Я вспомнил розовый мир Олдена — нашего с Синтией Олдена. Я представил себе Торни, как он рассуждает о сгинувших в никуда анахронианах и проклинает недостойных искателей сокровищ, которые грабят древние поселения и лишают археологов возможности изучать былые культуры. С горечью в душе я припомнил свои собственные планы, припомнил, как хотел сочинить композицию о Земле. Синтия занимала в моих мыслях особое место. Она пострадала сильнее любого из нас. Вызвавшись передать мне письмо от старины Торни, она в итоге угодила в такой переплет, о котором не думала и не гадала.
Если временной ловушки в расщелине не будет, нам придется поступить именно так, как я сказал. Иного выхода у нас нет. Однако мы с Синтией не приспособлены к такой жизни. А скоро вдобавок наступит зима, и, если мы хотим выжить, нам надо к ней подготовиться. Дождавшись весны, мы, быть может, что-нибудь придумаем.
Я постарался отогнать эти мысли, не желая падать духом раньше времени, но они упорно возвращались. Ужасная перспектива словно зачаровывала меня.
Мы спустились к реке и, двигаясь по ее берегу, дошли до оврага, что вел к расщелине, в которой мы прятались от бандитов. Никто из нас не проронил ни слова. По-моему, мы боялись заговорить.
Миновав поворот, мы увидим желанный утес. Ждать осталось недолго. Скоро мы все узнаем.
Мы миновали поворот — и остановились как вкопанные. У подножия утеса стояли две боевые машины. Ошибиться было невозможно. Мне кажется, я догадался бы о том, что они такое, в любом случае, даже если бы я в свое время не прислушивался к рассказам Элмера.
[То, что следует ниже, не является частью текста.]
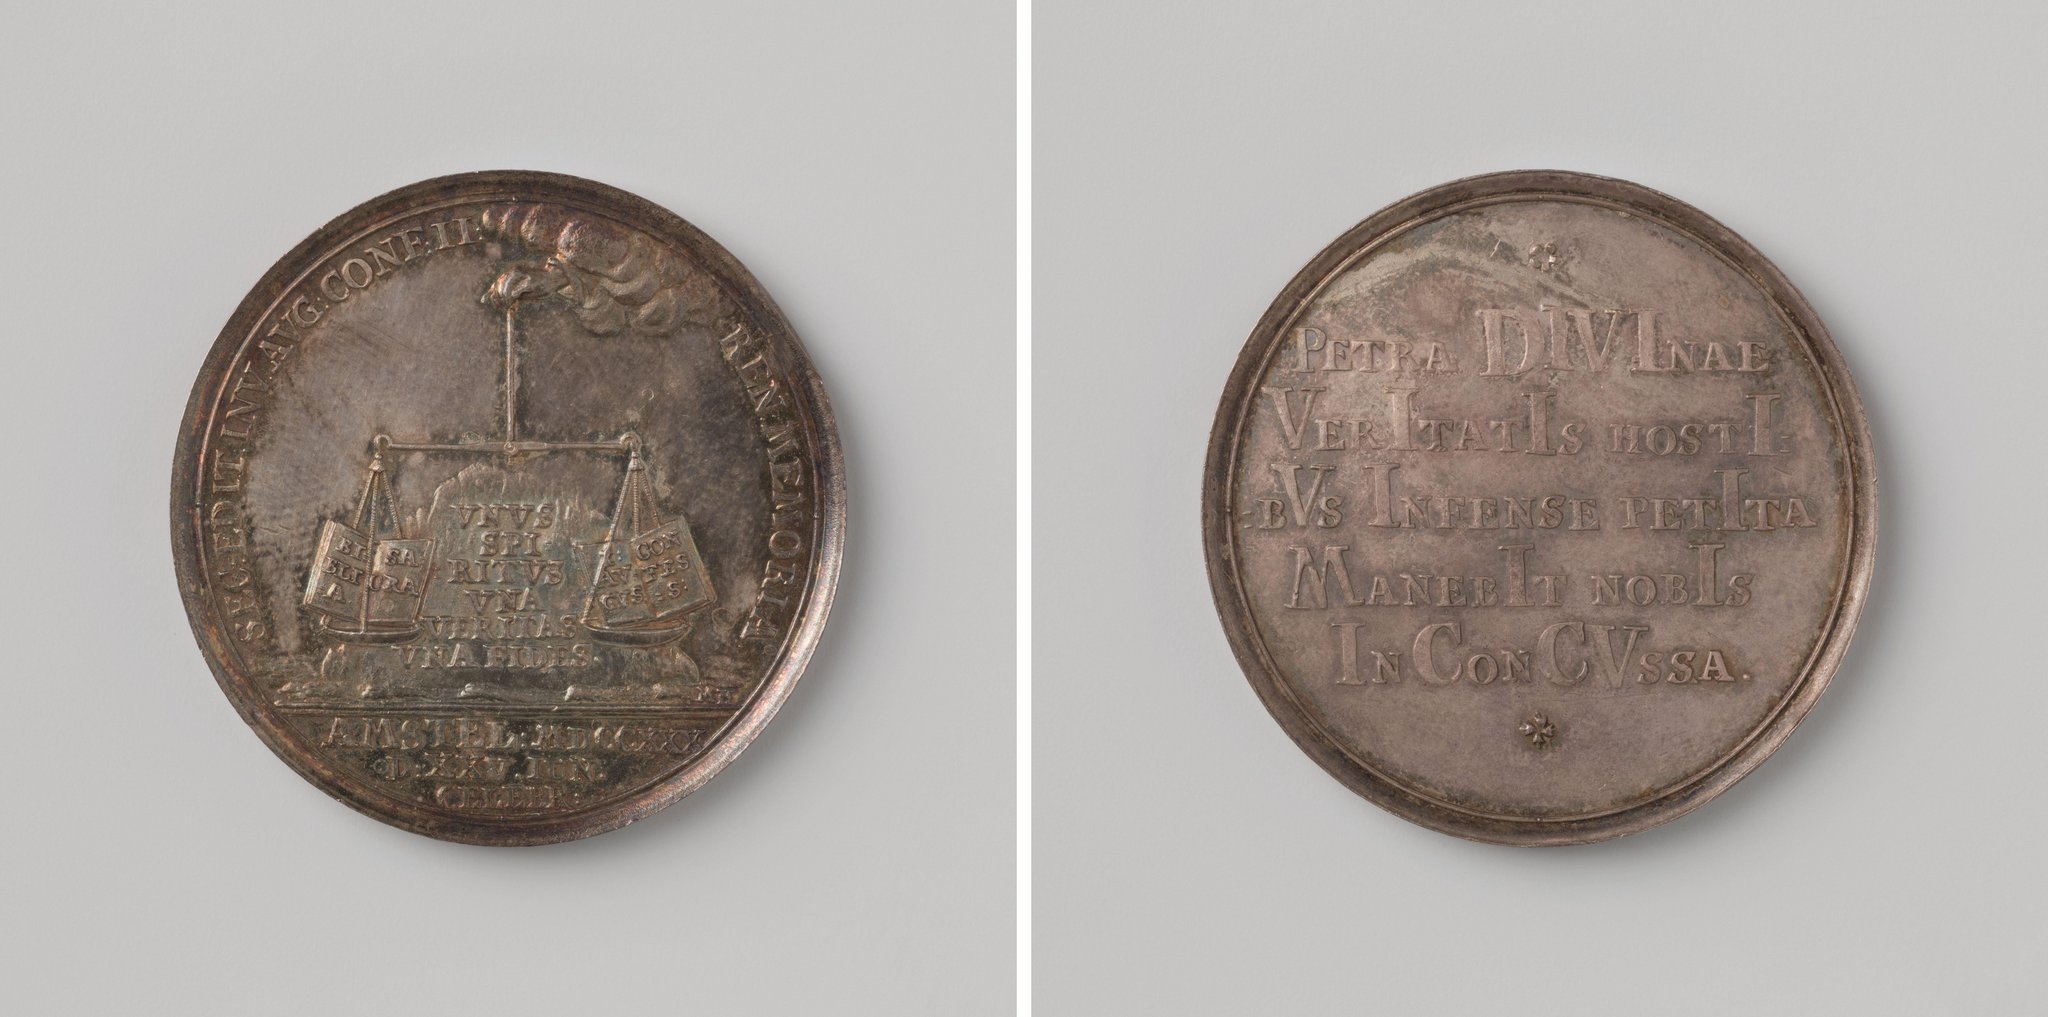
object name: history medal
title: Tweede eeuwfeest op het overleveren van de Augsburgse geloofsbelijdenis op de Rijksdag
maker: martinus holtzhey
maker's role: medailleur, muntmaker
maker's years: 1697-1764
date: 1730
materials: silver
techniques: striking
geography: amsterdam
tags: priest, martin luther, amsterdam
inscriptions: inscription: ‘PETRA DIVINAE/ VERITATIS HOSTI:/ BVS INFENSE PETITA/ MANEBIT NOBIS/ IN CONCVSSA’, inscription: ‘VNVS/ SPI:/RITVS/ VNA/ VERITAS/VNA FIDES.’, circumscription: ‘SEC: EDIT. INV. AVG:CONF: II: REN: MEMORIA’, caption: ‘AMSTEL; MDCCXXX/ D:XXV.IUN./ CELEBR:’
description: Zilveren penning. Voorzijde: op weegschaal die door hand uit wolken vastgehouden wordt, houden bijbel en Augsburgse geloofsbelijdenis elkaar in evenwicht, tussen beide schalen in rots met opschrift binnen omschrift; afsnede: opschrift. Keerzijde: opschrift tussen twee bloempunten.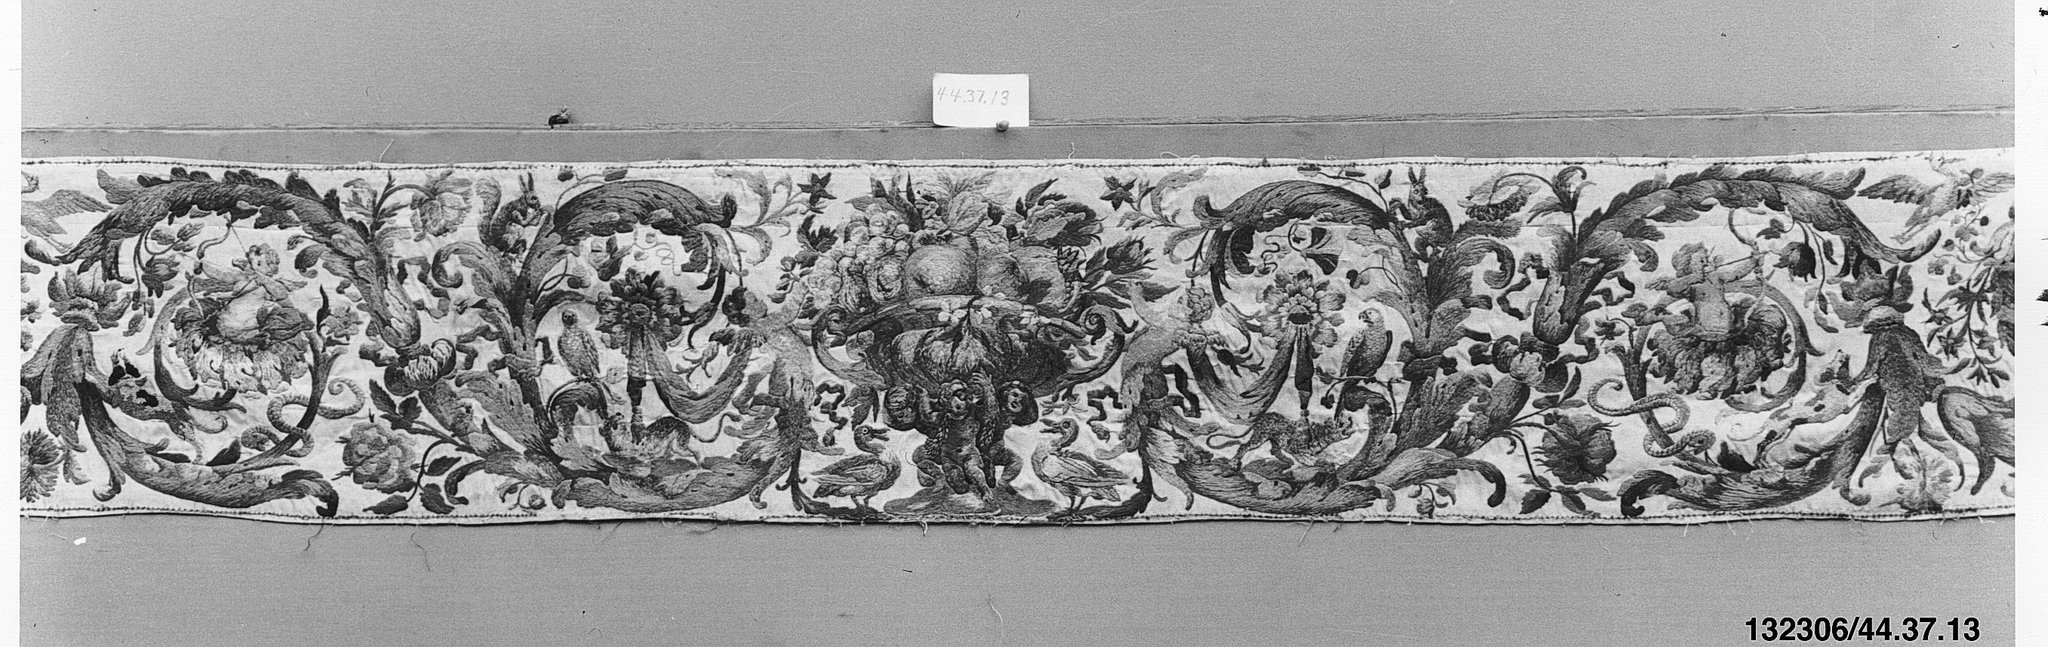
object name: valance
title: Valance (one of a set of six)
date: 1667-1733
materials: silk
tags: birds,flowers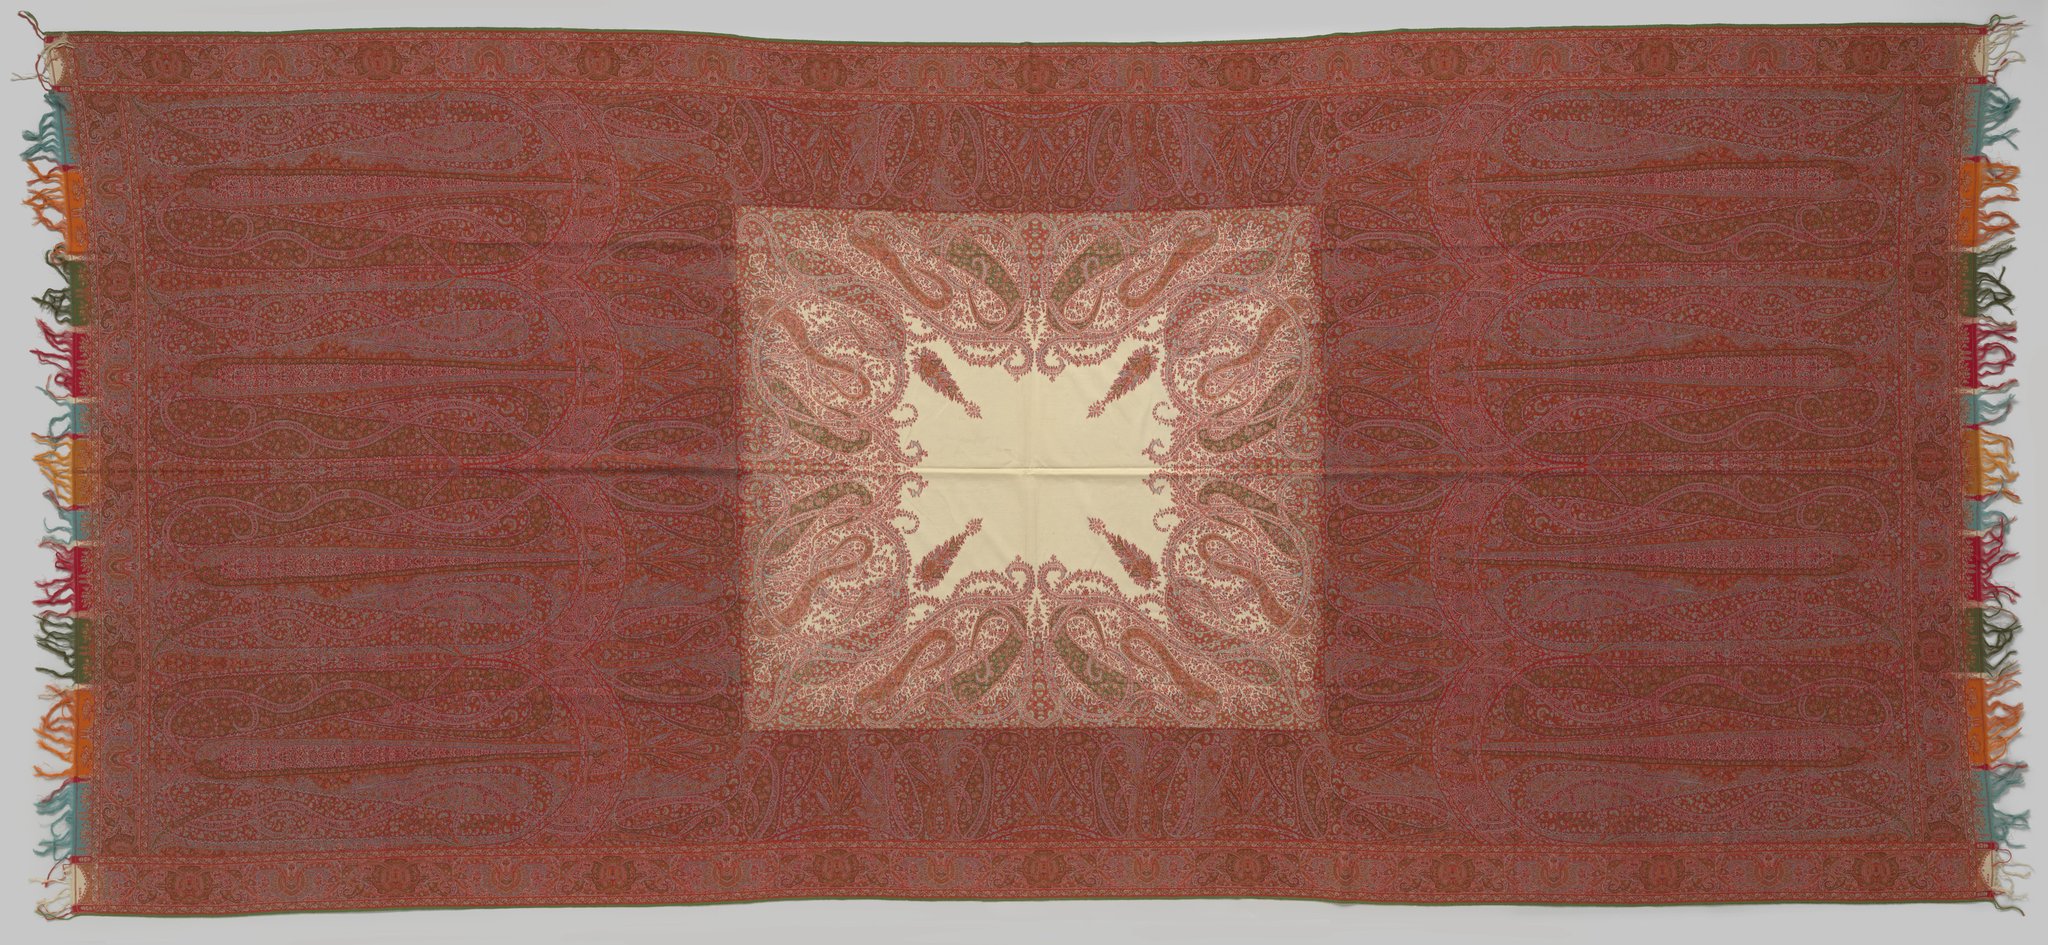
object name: bruidssjaal
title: Langwerpige sjaal met rechthoekig veld waarin een vierkante witte spiegel met slanke palmmotieven, de randen bestaan uit S-ranken met lelies en palmetten
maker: Anonymous
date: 1840-1844
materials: cotton, silk, wool
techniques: weave
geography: lyon
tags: w. van eyndhoven-wittich
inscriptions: label: ‘'IP', '36725', '2425', '18454', 'long' en 'blanc'’, number: ‘2425’
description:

Их размеры поражали воображение. Впрочем, будь они меньше, в них не уместилось бы все то вооружение, которым их напичкали. Они были футов по меньшей мере ста длиной, примерно вполовину этого расстояния шириной и футов двадцати или около того высотой. Они стояли бок о бок и выглядели весьма внушительно. В их уродстве ощущалась могучая сила. От одного взгляда на них по спине пробегала дрожь.
Мы смотрели на них, а они разглядывали нас. Мы чувствовали на себе их взгляды.
Одна из машин подала голос — определить, какая именно, было невозможно.
— Не убегайте, — сказала она. — Вам не нужно нас бояться. Мы хотим поговорить с вами.
— Мы не убежим, — ответил я, подумав, что бежать было бы бессмысленно. Они моментально догонят нас, в этом я не сомневался.
— Никто не хочет нас выслушать, — чуть ли не жалобно продолжала машина. — Все убегают от нас. А мы хотим подружиться с людьми, потому что мы сами — люди.
— Мы вас выслушаем, — пообещала Синтия. — Что вы собираетесь нам рассказать?
— Давайте сначала познакомимся, — предложила машина. — Меня зовут Джо, а его — Иван.
— Меня зовут Синтия, — ответила Синтия, — а моего спутника — Флетчер.
— Почему вы не убежали от нас?
— Потому что мы не испугались, — сказала Синтия.
Я мысленно усмехнулся: на последних словах голос девушки предательски задрожал.
— Потому что, — добавил я, — бежать не имеет смысла.
— Мы — боевые ветераны, — заявил Джо. — Наша служба давно окончилась, и мы горим желанием помочь людям восстановить планету. Мы много странствовали. Те несколько человек, которых мы встретили, отказались от нашей помощи. Честно говоря, нам показалось, что они питают к нам отвращение.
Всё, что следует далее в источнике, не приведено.